Given an array of integers nums and an integer threshold, we will choose a positive integer divisor, divide all the array by it, and sum the division's result. Find the smallest divisor such that the result mentioned above is less than or equal to threshold.

Each result of the division is rounded to the nearest integer greater than or equal to that element. (For example: 7/3 = 3 and 10/2 = 5).

Example 1:

Input: nums = [1,2,5,9], threshold = 6
Output: 5
Explanation: We can get a sum to 17 (1+2+5+9) if the divisor is 1. 
If the divisor is 4 we can get a sum of 7 (1+1+2+3) and if the divisor is 5 the sum will be 5 (1+1+1+2).

Example 2:

Input: nums = [44,22,33,11,1], threshold = 5
Output: 44

Constraints:

• 1 <= nums.length <= 5 * 10^4
• 1 <= nums[i] <= 10^6
• nums.length <= threshold <= 10^6

Finding the Smallest Divisor

This problem requires us to find the smallest divisor such that the sum of the divisions (ceiling value) of the input array elements is less than or equal to the given threshold. We can solve this using binary search.

Brute Force Solution

A naive solution would be to iterate through all possible divisors from 1 to the maximum element in the nums array and check if the sum of the divisions is less than or equal to the threshold. This solution has a time complexity of O(N*M), where N is the length of the nums array and M is the maximum value in the nums array.

Optimal Solution

We can use binary search to find the smallest divisor efficiently. The search space is from 1 to the maximum value in the nums array. For each divisor, we calculate the sum of the ceiling of the divisions and check if it is less than or equal to the threshold. If it is, we try a smaller divisor; otherwise, we try a larger divisor.
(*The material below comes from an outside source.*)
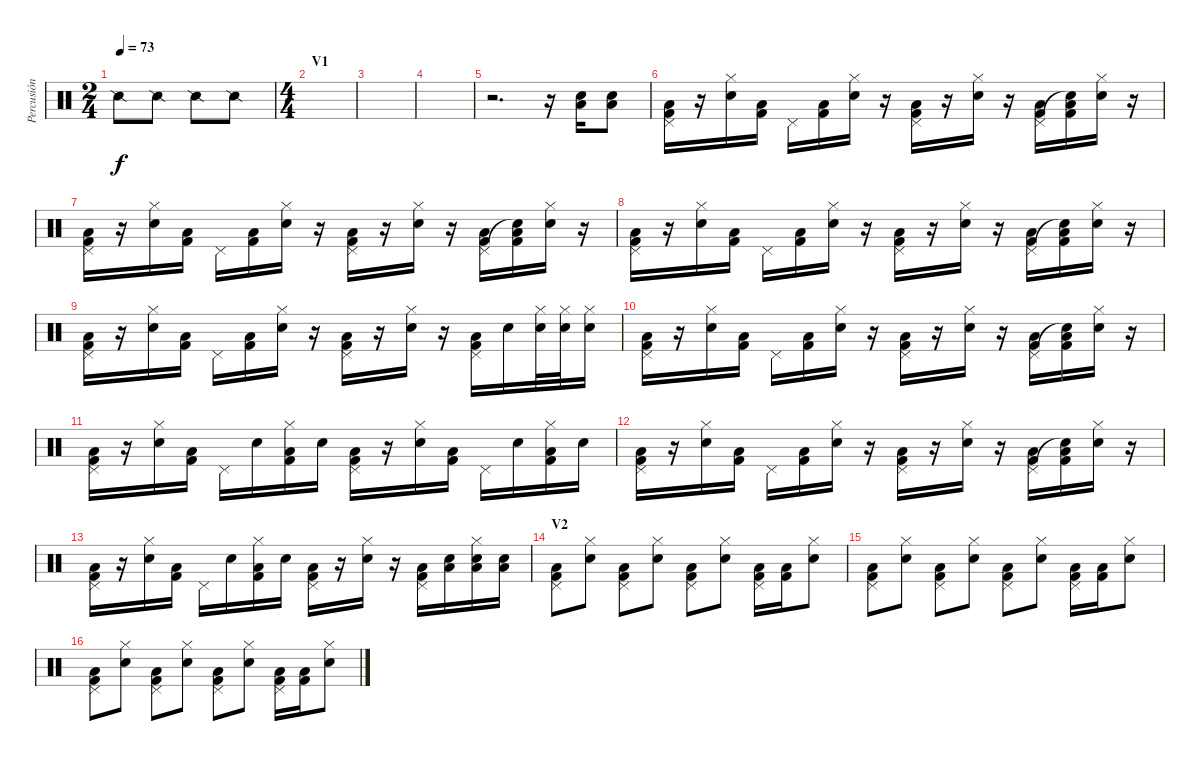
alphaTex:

def smallestDivisor(nums, threshold):
    left, right = 1, max(nums)
    ans = right

    while left <= right:
        mid = (left + right) // 2
        total = sum((num + mid - 1) // mid for num in nums)

        if total <= threshold:
            ans = mid
            right = mid - 1
        else:
            left = mid + 1

    return ans

Example

nums = [1, 2, 5, 9]
threshold = 6
print(smallestDivisor(nums, threshold))  # Output: 5

Big(O) Run-time Analysis

The binary search takes O(log M) time, where M is the maximum element in the nums array. For each divisor, we iterate through the nums array once to calculate the sum of the divisions, which takes O(N) time. Therefore, the overall time complexity is O(N log M).

Big(O) Space Usage Analysis

The space complexity is O(1) because we are only using a few variables to store the left, right, mid, and answer values. We are not using any additional data structures that scale with the input size.

Edge Cases

1. Empty Input Array: If the input array nums is empty, the problem statement doesn't explicitly define the behavior. We can assume that the problem statement asserts that the input array will not be empty, based on the problem constraints.
2. Threshold is less than array size: The problem states that nums.length <= threshold. This guarantees that a valid divisor exists. If this were not true, it might be impossible to find a divisor that satisfies the condition.
3. Large Input Values: If the input values in nums or the threshold are very large, integer overflow might occur. Using Python avoids such issues automatically due to dynamic typing and arbitrary-precision integers. In other languages like Java or C++, using long is necessary.
4. All Elements are 1: If all the elements are 1 and the threshold is large, the divisor can be 1.
5. Threshold equals array length: The smallest divisor equals the largest number in nums.

Additional Considerations

The binary search approach provides an efficient way to find the smallest divisor. The key idea is to leverage the monotonically decreasing property of the sum of divisions as the divisor increases. This property allows us to effectively narrow down the search space and find the optimal divisor in logarithmic time concerning the range of possible divisors.